__Records from a collection__:
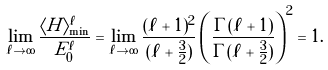Convert formula to latex. <formula><loc_0><loc_0><loc_500><loc_500>\lim _ { \ell \to \infty } \frac { \langle H \rangle ^ { \ell } _ { \min } } { E ^ { \ell } _ { 0 } } = \lim _ { \ell \to \infty } \frac { ( \ell + 1 ) ^ { 2 } } { ( \ell + \frac { 3 } { 2 } ) } \left ( \frac { \Gamma ( \ell + 1 ) } { \Gamma ( \ell + \frac { 3 } { 2 } ) } \right ) ^ { 2 } = 1 .</formula> 
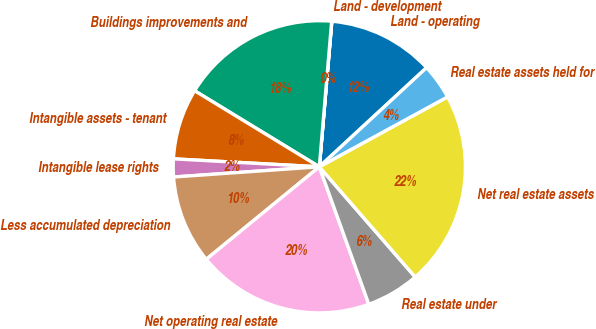Convert chart to OTSL. <chart><loc_0><loc_0><loc_500><loc_500><pie_chart><fcel>Land - operating<fcel>Land - development<fcel>Buildings improvements and<fcel>Intangible assets - tenant<fcel>Intangible lease rights<fcel>Less accumulated depreciation<fcel>Net operating real estate<fcel>Real estate under<fcel>Net real estate assets<fcel>Real estate assets held for<nl><fcel>11.76%<fcel>0.02%<fcel>17.63%<fcel>7.85%<fcel>1.98%<fcel>9.8%<fcel>19.59%<fcel>5.89%<fcel>21.55%<fcel>3.93%<nl></chart> 
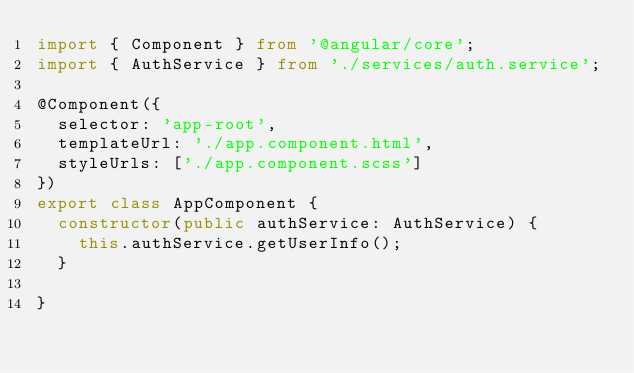Convert code to text. <code><loc_0><loc_0><loc_500><loc_500><_TypeScript_>import { Component } from '@angular/core';
import { AuthService } from './services/auth.service';

@Component({
  selector: 'app-root',
  templateUrl: './app.component.html',
  styleUrls: ['./app.component.scss']
})
export class AppComponent {
  constructor(public authService: AuthService) {
    this.authService.getUserInfo();
  }

}
</code> 
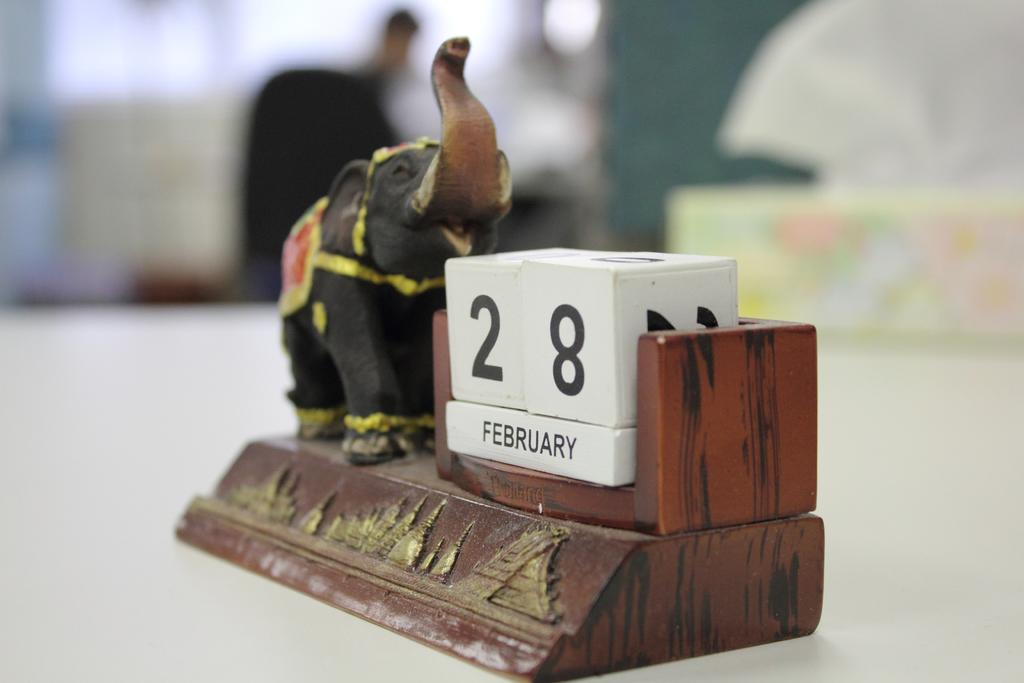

__TASK REQUIREMENTS__:
A word-for-word copy of the records is needed, one that contains no pictures.

__SOLUTION__:
Convert formula to latex. <formula><loc_0><loc_0><loc_500><loc_500>\lim _ { \ell \to \infty } \frac { \langle H \rangle ^ { \ell } _ { \min } } { E ^ { \ell } _ { 0 } } = \lim _ { \ell \to \infty } \frac { ( \ell + 1 ) ^ { 2 } } { ( \ell + \frac { 3 } { 2 } ) } \left ( \frac { \Gamma ( \ell + 1 ) } { \Gamma ( \ell + \frac { 3 } { 2 } ) } \right ) ^ { 2 } = 1 .</formula> 
Convert chart to OTSL. <chart><loc_0><loc_0><loc_500><loc_500><pie_chart><fcel>Land - operating<fcel>Land - development<fcel>Buildings improvements and<fcel>Intangible assets - tenant<fcel>Intangible lease rights<fcel>Less accumulated depreciation<fcel>Net operating real estate<fcel>Real estate under<fcel>Net real estate assets<fcel>Real estate assets held for<nl><fcel>11.76%<fcel>0.02%<fcel>17.63%<fcel>7.85%<fcel>1.98%<fcel>9.8%<fcel>19.59%<fcel>5.89%<fcel>21.55%<fcel>3.93%<nl></chart> 
Convert code to text. <code><loc_0><loc_0><loc_500><loc_500><_TypeScript_>import { Component } from '@angular/core';
import { AuthService } from './services/auth.service';

@Component({
  selector: 'app-root',
  templateUrl: './app.component.html',
  styleUrls: ['./app.component.scss']
})
export class AppComponent {
  constructor(public authService: AuthService) {
    this.authService.getUserInfo();
  }

}
</code> 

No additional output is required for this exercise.